A CXO’s biggest challenges in a Machine Learning project
Written by Nisha Shoukath - November 27, 2018
Recently, I met with the Chief Data Officer of a successful HealthTech company at an ML conference in New York. We sat through some very interesting talks and ML solutions by great speakers. Out of curiosity, I asked him what challenges they typically face while doing a new Machine Learning project . Not surprisingly, here is what I discovered:
#1. Data management is complex
Most of their systems are not connected. Data sources are many, and data is stored in various formats across multiple databases. When the scientists asks for data, most of the time, the tech teams are not aware of the sources and even it it exists from the past. Lot of resources are deployed behind such tasks and it takes too much time and back and forth cycles to get a decent data set. It is not a surprise that this data gathering and preparation (repeatedly) ends up being the most longest and expensive cycles of all ML implementation steps.

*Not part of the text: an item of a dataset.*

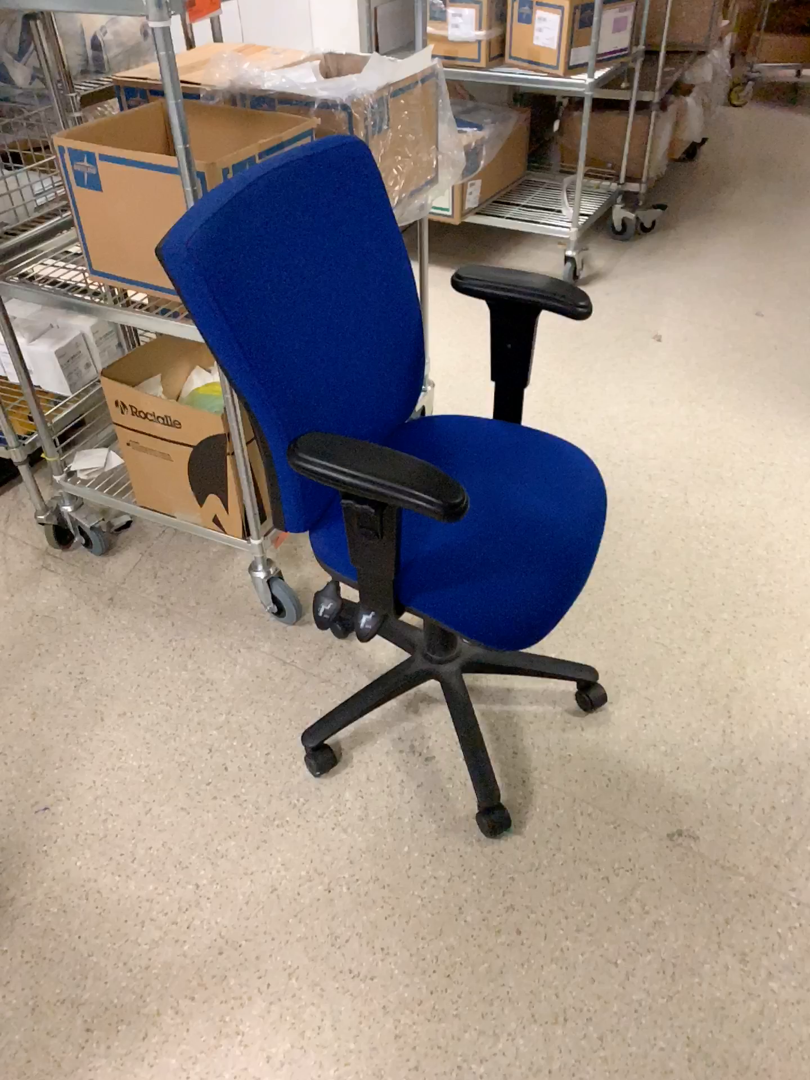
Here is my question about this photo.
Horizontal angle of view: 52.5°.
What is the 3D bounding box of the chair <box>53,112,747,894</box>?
[{"bbox_3d":[0.050,-0.085,1.377,0.667,0.949,0.683,18,44,22],"label":"chair"}]
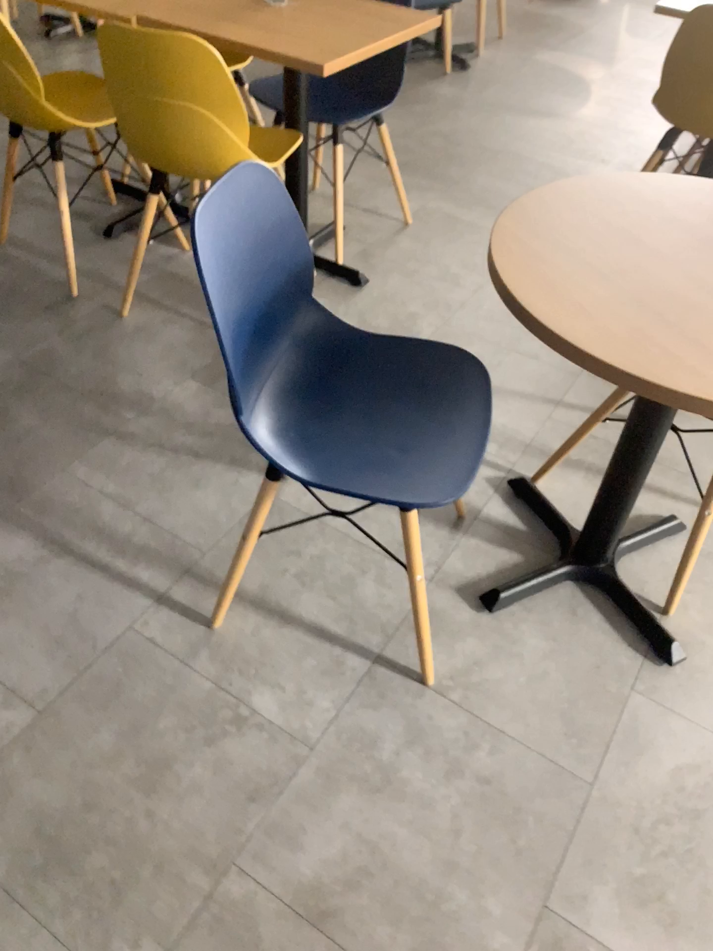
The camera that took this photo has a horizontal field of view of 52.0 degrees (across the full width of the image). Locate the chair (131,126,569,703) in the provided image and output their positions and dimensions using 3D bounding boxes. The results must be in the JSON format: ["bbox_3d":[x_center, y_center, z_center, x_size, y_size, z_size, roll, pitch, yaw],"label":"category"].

#2. Delays & Time-to-Insight
From the time the project is kicked off, it just takes too much time to get any actionable insights for the business. Business folks are used to getting agile deliveries from tech teams, and they expect the same from AI teams as well. But, there is a long cycle between set up, data preparation, model definitions, tests etc and by the time they are able to present any insights to business, it is already too late.
#3. Infrastructure cost
Scalable infrastructure is needed to implement and run AI models. So there is quite an up-front investment needed to make this happen. As more and more models are tested and re-tested, this cost tends to shoot up. Most often, it is not easy to justify this cost, especially when there are spikes.
#4. Expensive resources
Well, it is known that ML requires data scientists, and they are expensive. Apart from the need for such specialized SMEs, the nascent nature of ML projects combined with the inexperience, and the non-existence of any good unified platforms for ML workflows also creates the need for several engineers to build the platform, data management and release management.
#5. Poor visibility
It is hard to gain any real visibility into the progress till near the very end, to ascertain if the project is really moving in the right direction. Usually it is a ‘Black box’ from start to finish as there is no single system or a portal that can give visibility into the progress of the activities, quality indicators, or performance indicators that helps to govern the project, assess the risks and to help provide realistic updates to the sponsors and business stakeholders. Lack of visibility does not allow to ‘fail fast’ and adjust without going “back to the drawing board” every time.
#6. Build vs. Buy conundrum
There is a push from the executive sponsorship to get early ROI, even if it means going out and get on-boarded onto ready-made solutions. Alas, ML is only a means to an end, i.e the real goal is a desired business outcome (feature) to be powered by ML. ML itself is not an outcome for business. They want to be an early entrant into the ML space, and realize fast business outcomes, currently they have no choice but to build expensive foundations, as there is a lack of industrial, ready-made solutions that aid easy automation of ML workflows.
He mentioned that at least 80% of the project effort is going towards non-core activities like setting up infrastructure, data preparation and technical foundations than towards core data science and algorithms to solve the actual business problem. Hopefully this will change in the next decade when there are better ready-to-use platforms available.
My final thoughts when I left the conversation was that there is definitely a gap in the market for an enterprise grade platform that will help automate machine learning workflows seamlessly, so that the focus and investments can be channelled towards solving the core business problems and not building technical foundations.